» **What is needed**
Extract all lines that hold "each" from the records below.

....

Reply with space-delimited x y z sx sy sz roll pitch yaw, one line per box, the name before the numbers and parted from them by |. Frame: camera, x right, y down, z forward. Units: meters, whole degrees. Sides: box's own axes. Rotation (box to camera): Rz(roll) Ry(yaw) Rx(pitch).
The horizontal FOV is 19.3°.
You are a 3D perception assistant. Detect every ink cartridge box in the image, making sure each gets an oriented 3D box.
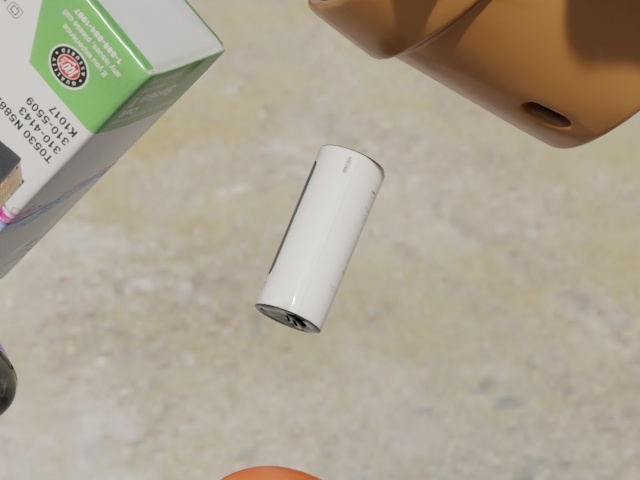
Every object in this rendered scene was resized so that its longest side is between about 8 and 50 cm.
ink cartridge box | -0.238 -0.112 1.309 0.278 0.201 0.117 -42 -4 28

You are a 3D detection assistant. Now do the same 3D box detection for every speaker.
speaker | 0.000 0.000 1.409 0.055 0.136 0.055 21 -14 5

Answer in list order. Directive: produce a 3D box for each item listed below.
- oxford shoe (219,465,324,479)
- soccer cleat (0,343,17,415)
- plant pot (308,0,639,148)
oxford shoe | 0.061 0.195 0.887 0.271 0.097 0.098 21 16 -26
soccer cleat | -0.306 0.004 1.046 0.318 0.108 0.116 28 36 -22
plant pot | 0.161 -0.202 1.315 0.291 0.203 0.291 -44 15 15
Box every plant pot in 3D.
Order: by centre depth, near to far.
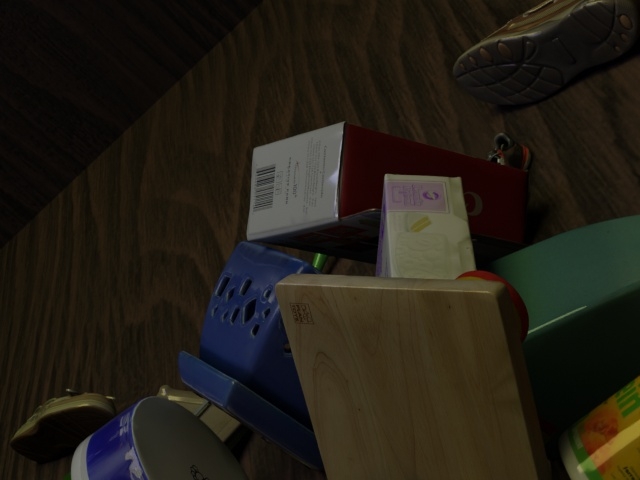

....

» **Response area**
You are a 3D perception assistant. Detect every ink cartridge box in the image, making sure each gets an oriented 3D box.
Answer in list order. Directive: produce a 3D box for each item listed below.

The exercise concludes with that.